Il concetto di parziale difformità presuppone che un determinato intervento costruttivo, pur se contemplato dal titolo autorizzatorio rilasciato dall’autorità amministrativa, venga realizzato secondo modalità diverse da quelle previste e autorizzate a livello progettuale, come si desume in negativo dall’art. 31, d.P.R. n. 380 del 2001.

In base alla norma infatti, mentre si è in presenza di difformità totale del manufatto o di variazioni essenziali, sanzionabili con la demolizione, quando i lavori riguardino un’opera diversa da quella prevista dall’atto di concessione per conformazione, strutturazione, destinazione, ubicazione, si configura la difformità parziale quando le modificazioni incidano su elementi particolari e non essenziali della costruzione e si concretizzino in divergenze qualitative e quantitative non incidenti sulle strutture essenziali dell’opera.
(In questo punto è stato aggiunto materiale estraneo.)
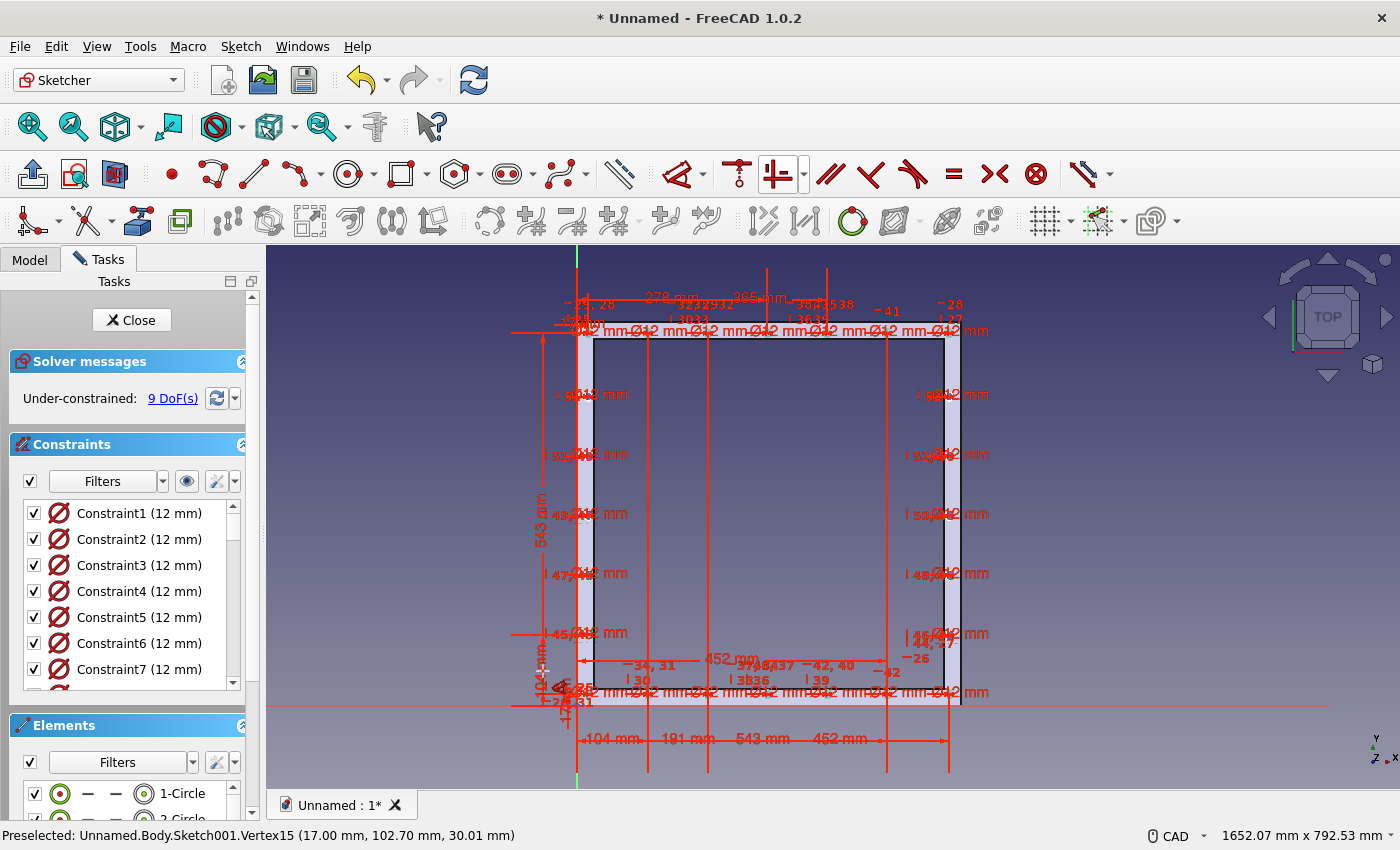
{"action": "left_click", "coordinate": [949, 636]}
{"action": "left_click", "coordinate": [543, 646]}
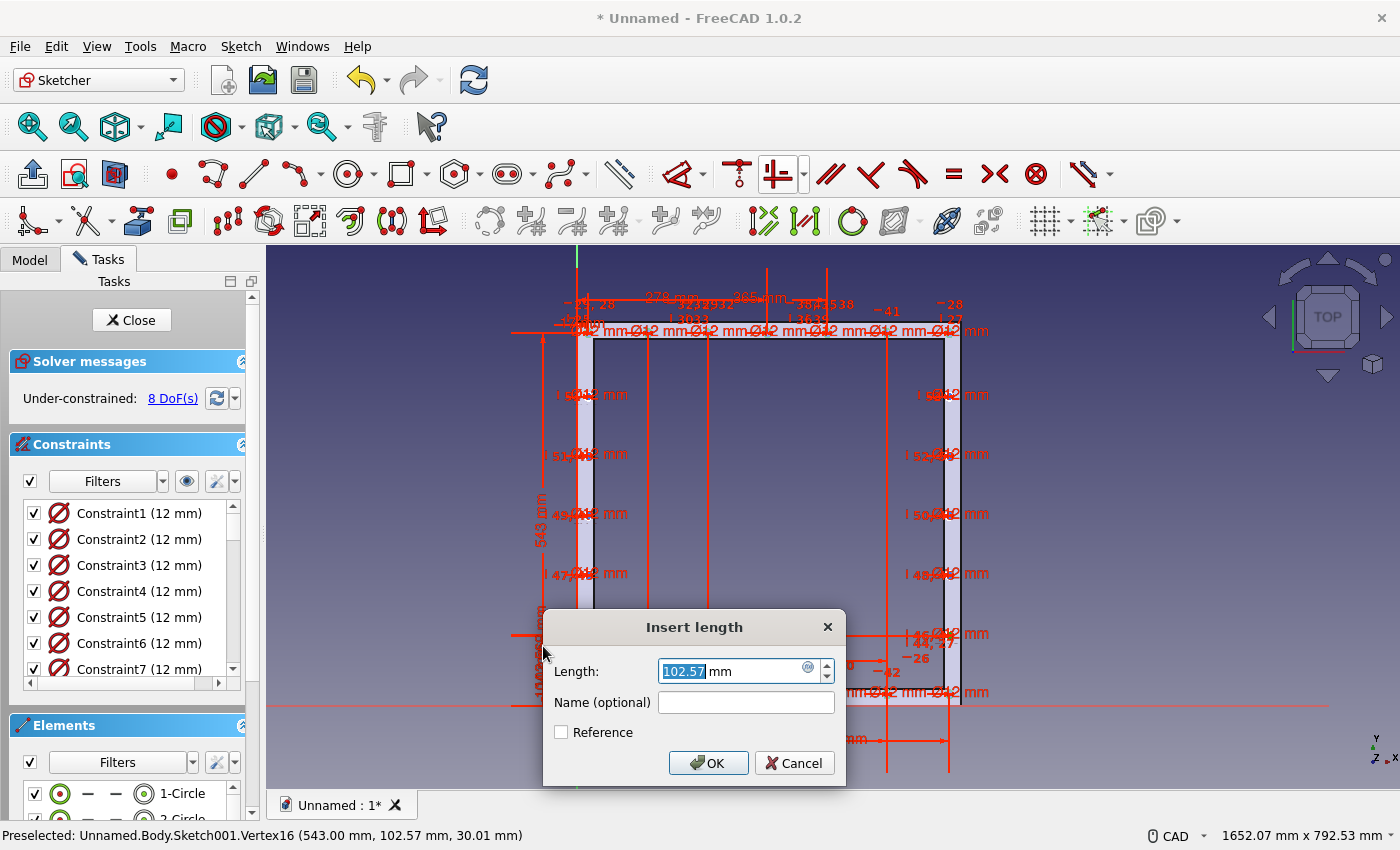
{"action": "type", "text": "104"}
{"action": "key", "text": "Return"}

Ai fini sanzionatori, per gli interventi eseguiti in assenza di permesso di costruire, in totale difformità o con variazioni essenziali, va senz’altro disposta la demolizione delle opere abusive; per gli interventi eseguiti in parziale difformità dal permesso di costruire, la legge prevede la demolizione, a meno che, non potendo essa avvenire senza pregiudizio della parte eseguita in conformità, debba essere applicata una sanzione pecuniaria.

Le tolleranze

L’assenza di una compiuta definizione della categoria dei lavori ed interventi eseguiti in parziale difformità ha indotto il legislatore a fissare una soglia di rilevanza minima delle variazioni non costituenti illecito edilizio. Si tratta di quegli scostamenti dai parametri autorizzati di misura talmente contenuta da non potere essere considerati un illecito edilizio. Per questo è stata introdotta una soglia minima di rilevanza delle difformità parziali, che è esclusa «in presenza di violazioni di altezza, distacchi, cubatura o superficie coperta che non eccedano per singola unità immobiliare il 2 per cento delle misure progettuali» (comma 2-ter).

Tale disposizione non opera nel caso di interventi su immobili “vincolati” eseguiti in difformità dalle autorizzazioni rilasciate ai sensi del D.lgs. 22 gennaio 2004, n. 42. Ovviamente, inoltre, la disposizione opera unicamente nei rapporti con l’amministrazione, senza interferire con i rapporti privatistici di vicinato.